Eat more unsaturated fats
Unsaturated fats are also known as fats with double bonds meaning they have shorter bonds with bends and can therefore be broken down easily. An eight-week study published in 2016 concluded that eating more unsaturated fats reduces your cholesterol as well as your LDL by up to 11 percent. The healthiest sources of unsaturated fats are avocados, olives, nuts and other plant-based sources of oil.
Eat seeds and whole grain foods
Another source of monosaturated and polyunsaturated fats is seed diets including flax, chia, sunflower, hemp, sesame and pumpkin seeds. The unsaturated fats in the seeds also help reduce the saturated fat in your body which reduces cholesterol. Seeds also make a good source of fibre as do whole grains. Fibre slows and also prevents the absorption of cholesterol into your bloodstream which is vital in reducing LDL.
Eat Herbs and spices in food
Garlic, ginger, turmeric and other spices are nutritional powerhouses with lots of benefits one being their ability to reduce the absorption of cholesterol into your bloodstream. Studies support that the regular consumption of ginger, garlic and turmeric significantly reduces LDL within just weeks of use.
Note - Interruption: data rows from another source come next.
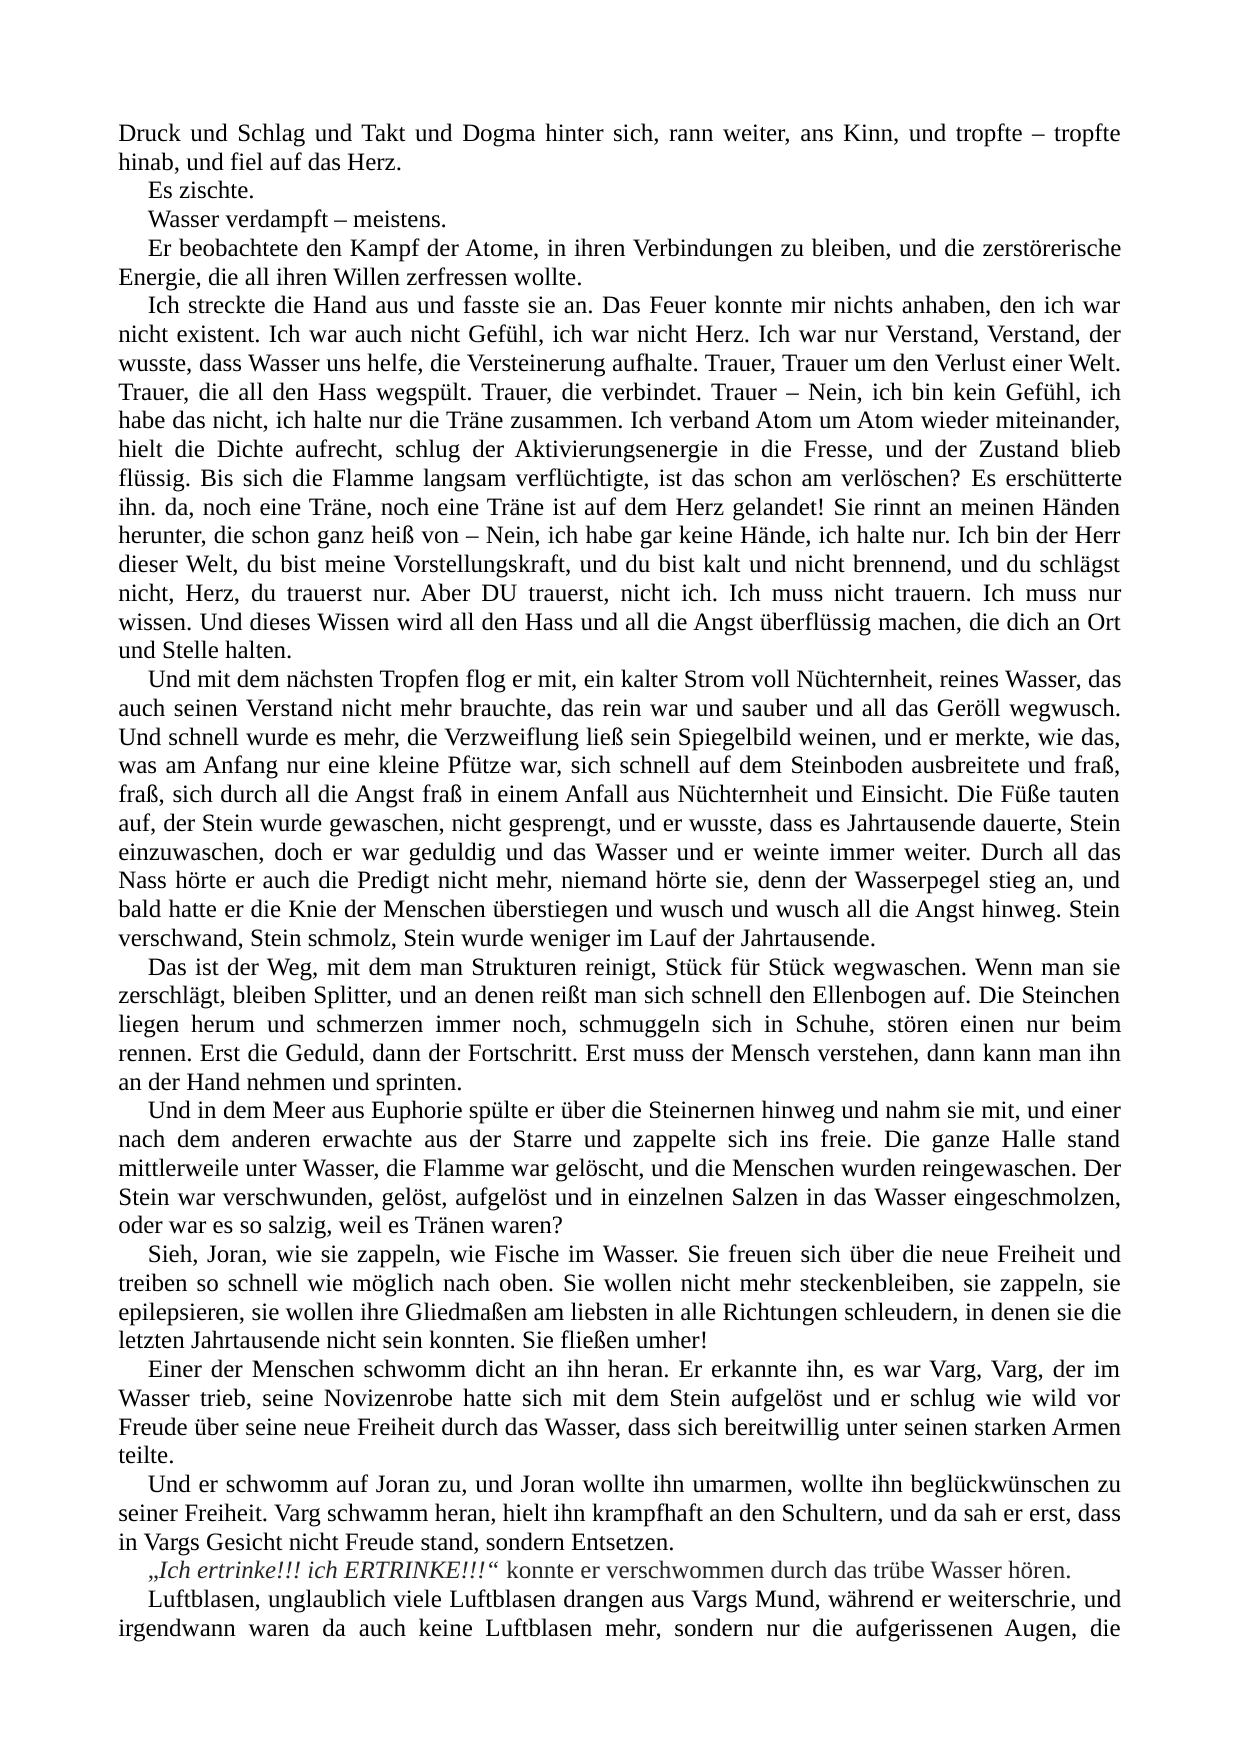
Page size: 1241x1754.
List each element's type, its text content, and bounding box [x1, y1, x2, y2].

text Ich streckte die Hand aus und fasste sie an. Das Feuer konnte mir nichts anhaben, den ich war nicht existent. Ich war auch nicht Gefühl, ich war nicht Herz. Ich war nur Verstand, Verstand, der wusste, dass Wasser uns helfe, die Versteinerung aufhalte. Trauer, Trauer um den Verlust einer Welt. Trauer, die all den Hass wegspült. Trauer, die verbindet. Trauer – Nein, ich bin kein Gefühl, ich habe das nicht, ich halte nur die Träne zusammen. Ich verband Atom um Atom wieder miteinander, hielt die Dichte aufrecht, schlug der Aktivierungsenergie in die Fresse, und der Zustand blieb flüssig. Bis sich die Flamme langsam verflüchtigte, ist das schon am verlöschen? Es erschütterte ihn. da, noch eine Träne, noch eine Träne ist auf dem Herz gelandet! Sie rinnt an meinen Händen herunter, die schon ganz heiß von – Nein, ich habe gar keine Hände, ich halte nur. Ich bin der Herr dieser Welt, du bist meine Vorstellungskraft, und du bist kalt und nicht brennend, und du schlägst nicht, Herz, du trauerst nur. Aber DU trauerst, nicht ich. Ich muss nicht trauern. Ich muss nur wissen. Und dieses Wissen wird all den Hass und all die Angst überflüssig machen, die dich an Ort und Stelle halten. [118, 291, 1122, 664]
text Er beobachtete den Kampf der Atome, in ihren Verbindungen zu bleiben, und die zerstörerische Energie, die all ihren Willen zerfressen wollte. [118, 233, 1122, 291]
text Und mit dem nächsten Tropfen flog er mit, ein kalter Strom voll Nüchternheit, reines Wasser, das auch seinen Verstand nicht mehr brauchte, das rein war und sauber und all das Geröll wegwusch. Und schnell wurde es mehr, die Verzweiflung ließ sein Spiegelbild weinen, und er merkte, wie das, was am Anfang nur eine kleine Pfütze war, sich schnell auf dem Steinboden ausbreitete und fraß, fraß, sich durch all die Angst fraß in einem Anfall aus Nüchternheit und Einsicht. Die Füße tauten auf, der Stein wurde gewaschen, nicht gesprengt, und er wusste, dass es Jahrtausende dauerte, Stein einzuwaschen, doch er war geduldig und das Wasser und er weinte immer weiter. Durch all das Nass hörte er auch die Predigt nicht mehr, niemand hörte sie, denn der Wasserpegel stieg an, und bald hatte er die Knie der Menschen überstiegen und wusch und wusch all die Angst hinweg. Stein verschwand, Stein schmolz, Stein wurde weniger im Lauf der Jahrtausende. [118, 664, 1122, 952]
text Sieh, Joran, wie sie zappeln, wie Fische im Wasser. Sie freuen sich über die neue Freiheit und treiben so schnell wie möglich nach oben. Sie wollen nicht mehr steckenbleiben, sie zappeln, sie epilepsieren, sie wollen ihre Gliedmaßen am liebsten in alle Richtungen schleudern, in denen sie die letzten Jahrtausende nicht sein konnten. Sie fließen umher! [118, 1239, 1122, 1354]
text Das ist der Weg, mit dem man Strukturen reinigt, Stück für Stück wegwaschen. Wenn man sie zerschlägt, bleiben Splitter, und an denen reißt man sich schnell den Ellenbogen auf. Die Steinchen liegen herum und schmerzen immer noch, schmuggeln sich in Schuhe, stören einen nur beim rennen. Erst die Geduld, dann der Fortschritt. Erst muss der Mensch verstehen, dann kann man ihn an der Hand nehmen und sprinten. [118, 952, 1122, 1096]
text Und in dem Meer aus Euphorie spülte er über die Steinernen hinweg und nahm sie mit, und einer nach dem anderen erwachte aus der Starre und zappelte sich ins freie. Die ganze Halle stand mittlerweile unter Wasser, die Flamme war gelöscht, und die Menschen wurden reingewaschen. Der Stein war verschwunden, gelöst, aufgelöst und in einzelnen Salzen in das Wasser eingeschmolzen, oder war es so salzig, weil es Tränen waren? [118, 1096, 1122, 1239]
text Luftblasen, unglaublich viele Luftblasen drangen aus Vargs Mund, während er weiterschrie, und irgendwann waren da auch keine Luftblasen mehr, sondern nur die aufgerissenen Augen, die [118, 1584, 1122, 1642]
text Es zischte. [118, 176, 1122, 204]
text Wasser verdampft – meistens. [118, 204, 1122, 233]
text „Ich ertrinke!!! ich ERTRINKE!!!“ konnte er verschwommen durch das trübe Wasser hören. [118, 1556, 1122, 1584]
text Einer der Menschen schwomm dicht an ihn heran. Er erkannte ihn, es war Varg, Varg, der im Wasser trieb, seine Novizenrobe hatte sich mit dem Stein aufgelöst und er schlug wie wild vor Freude über seine neue Freiheit durch das Wasser, dass sich bereitwillig unter seinen starken Armen teilte. [118, 1354, 1122, 1469]
text Druck und Schlag und Takt und Dogma hinter sich, rann weiter, ans Kinn, und tropfte – tropfte hinab, und fiel auf das Herz. [118, 118, 1122, 176]
text Und er schwomm auf Joran zu, und Joran wollte ihn umarmen, wollte ihn beglückwünschen zu seiner Freiheit. Varg schwamm heran, hielt ihn krampfhaft an den Schultern, und da sah er erst, dass in Vargs Gesicht nicht Freude stand, sondern Entsetzen. [118, 1469, 1122, 1556]
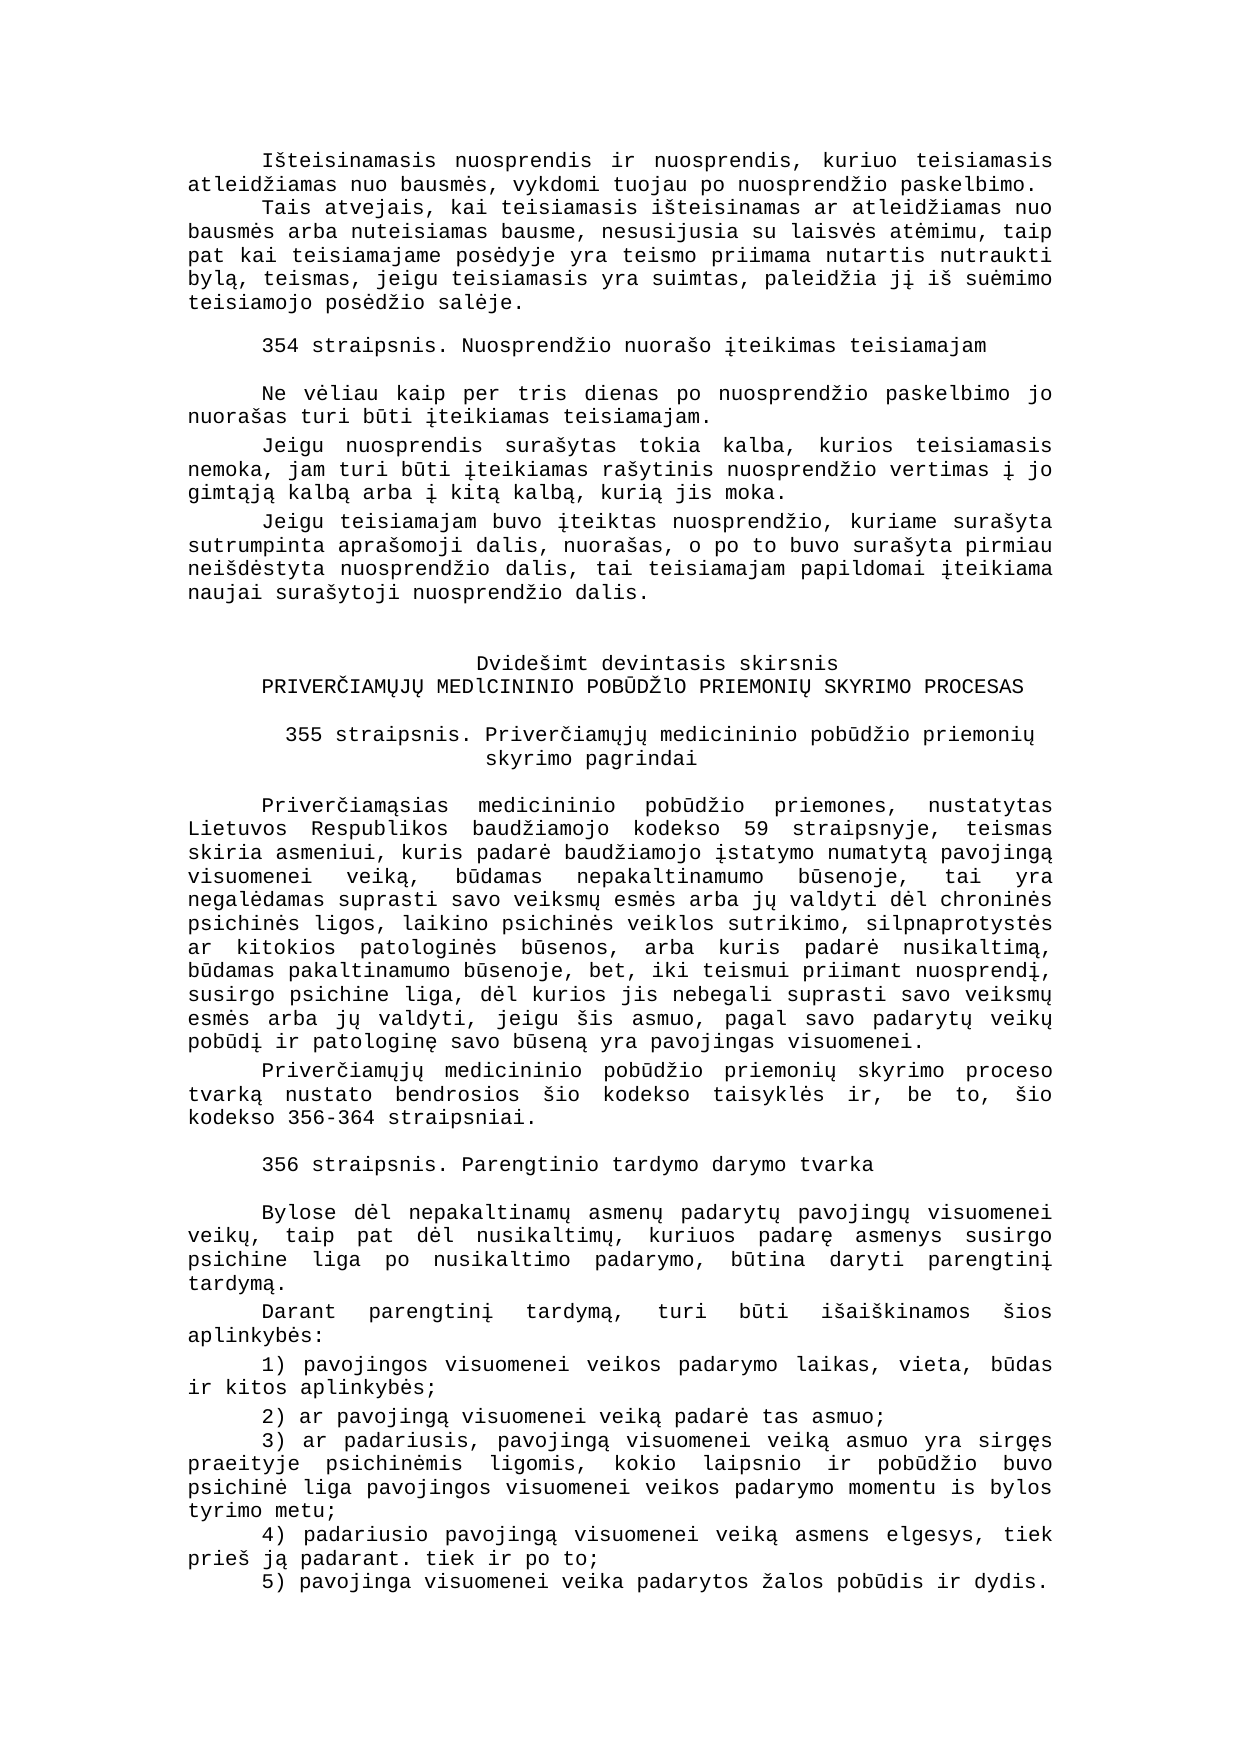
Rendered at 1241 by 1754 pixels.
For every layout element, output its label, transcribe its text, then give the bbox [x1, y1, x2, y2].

text Ne vėliau kaip per tris dienas po nuosprendžio paskelbimo jo nuorašas turi būti įteikiamas teisiamajam. [187, 383, 1053, 430]
text Darant parengtinį tardymą, turi būti išaiškinamos šios aplinkybės: [187, 1301, 1053, 1349]
text Tais atvejais, kai teisiamasis išteisinamas ar atleidžiamas nuo bausmės arba nuteisiamas bausme, nesusijusia su laisvės atėmimu, taip pat kai teisiamajame posėdyje yra teismo priimama nutartis nutraukti bylą, teismas, jeigu teisiamasis yra suimtas, paleidžia jį iš suėmimo teisiamojo posėdžio salėje. [187, 197, 1053, 316]
text 354 straipsnis. Nuosprendžio nuorašo įteikimas teisiamajam [261, 336, 1053, 359]
text Dvidešimt devintasis skirsnis [187, 653, 1053, 677]
text Išteisinamasis nuosprendis ir nuosprendis, kuriuo teisiamasis atleidžiamas nuo bausmės, vykdomi tuojau po nuosprendžio paskelbimo. [187, 150, 1053, 197]
text 1) pavojingos visuomenei veikos padarymo laikas, vieta, būdas ir kitos aplinkybės; [187, 1354, 1053, 1401]
text Jeigu nuosprendis surašytas tokia kalba, kurios teisiamasis nemoka, jam turi būti įteikiamas rašytinis nuosprendžio vertimas į jo gimtąją kalbą arba į kitą kalbą, kurią jis moka. [187, 435, 1053, 506]
text 356 straipsnis. Parengtinio tardymo darymo tvarka [187, 1154, 1053, 1178]
text 4) padariusio pavojingą visuomenei veiką asmens elgesys, tiek prieš ją padarant. tiek ir po to; [187, 1524, 1053, 1571]
text 2) ar pavojingą visuomenei veiką padarė tas asmuo; [187, 1406, 1053, 1429]
text PRIVERČIAMŲJŲ MEDlCININIO POBŪDŽlO PRIEMONIŲ SKYRIMO PROCESAS [187, 677, 1053, 700]
text 5) pavojinga visuomenei veika padarytos žalos pobūdis ir dydis. [187, 1571, 1053, 1595]
text Bylose dėl nepakaltinamų asmenų padarytų pavojingų visuomenei veikų, taip pat dėl nusikaltimų, kuriuos padarę asmenys susirgo psichine liga po nusikaltimo padarymo, būtina daryti parengtinį tardymą. [187, 1202, 1053, 1296]
text Priverčiamąsias medicininio pobūdžio priemones, nustatytas Lietuvos Respublikos baudžiamojo kodekso 59 straipsnyje, teismas skiria asmeniui, kuris padarė baudžiamojo įstatymo numatytą pavojingą visuomenei veiką, būdamas nepakaltinamumo būsenoje, tai yra negalėdamas suprasti savo veiksmų esmės arba jų valdyti dėl chroninės psichinės ligos, laikino psichinės veiklos sutrikimo, silpnaprotystės ar kitokios patologinės būsenos, arba kuris padarė nusikaltimą, būdamas pakaltinamumo būsenoje, bet, iki teismui priimant nuosprendį, susirgo psichine liga, dėl kurios jis nebegali suprasti savo veiksmų esmės arba jų valdyti, jeigu šis asmuo, pagal savo padarytų veikų pobūdį ir patologinę savo būseną yra pavojingas visuomenei. [187, 795, 1053, 1055]
text 3) ar padariusis, pavojingą visuomenei veiką asmuo yra sirgęs praeityje psichinėmis ligomis, kokio laipsnio ir pobūdžio buvo psichinė liga pavojingos visuomenei veikos padarymo momentu is bylos tyrimo metu; [187, 1429, 1053, 1524]
text skyrimo pagrindai [211, 747, 1053, 771]
text Jeigu teisiamajam buvo įteiktas nuosprendžio, kuriame surašyta sutrumpinta aprašomoji dalis, nuorašas, o po to buvo surašyta pirmiau neišdėstyta nuosprendžio dalis, tai teisiamajam papildomai įteikiama naujai surašytoji nuosprendžio dalis. [187, 511, 1053, 606]
text 355 straipsnis. Priverčiamųjų medicininio pobūdžio priemonių [211, 724, 1053, 747]
text Priverčiamųjų medicininio pobūdžio priemonių skyrimo proceso tvarką nustato bendrosios šio kodekso taisyklės ir, be to, šio kodekso 356-364 straipsniai. [187, 1060, 1053, 1131]

Antioxidants found in sage, bay leaf, oregano, mint and other herbs help prevent LDL from oxidizing in the bloodstream which prevents the growth of plaque in blood vessels.
Increase consumption of vegetables and fruits
Embracing a Mediterranean-style eating habit will save you lots of health problems including cholesterol. Vegetables and fruits have antioxidants which prevent the oxidation of LDL which is the main cause of plaque in blood vessels. They are also rich in soluble fibre which also prevents the absorption of cholesterol into the bloodstream. Research published in 2004 concluded that having four servings of fruits and vegetables per day will reduce cholesterol levels by up to 6% which also translates into lower LDL.
Embrace green tea
Green tea is another hub of antioxidants which have been shown to reduce the worst side effects of bad cholesterol in your body by preventing oxidation of cholesterol. Green tea is made using fresh tea leaves that haven’t been fermented which retains a group of antioxidants known as catechins which have been shown to reduce cholesterol.
Meet your dietary requirements of Oily Fish
Omega 3 fatty acids are vital to the well-being of brain cells and other body cells. These fatty acids are also a group of fatty acids responsible for replacing saturated fats and consequently, LDL from your bloodstream. Seeds as mentioned above are rich in Omega 3 but oily fish such as Mackerel, Salmon, Deep-sea tuna and herring are the best source of these fats.
Cut down your consumption of added sugar
High fructose corn syrup (HFCS) is one of the most common added sugar in processed foods with huge health risks. A 14-year study published in 2014 concluded that getting 10% of your calories per day can increase your risk of dying from heart disease by up to three times. The more added sugar you consume, the more LDL you have and the oxidation of LDL also seems to increase with the consumption of more sugar. You should therefore cut refined sugar from your diet as much as possible to reduce bad cholesterol.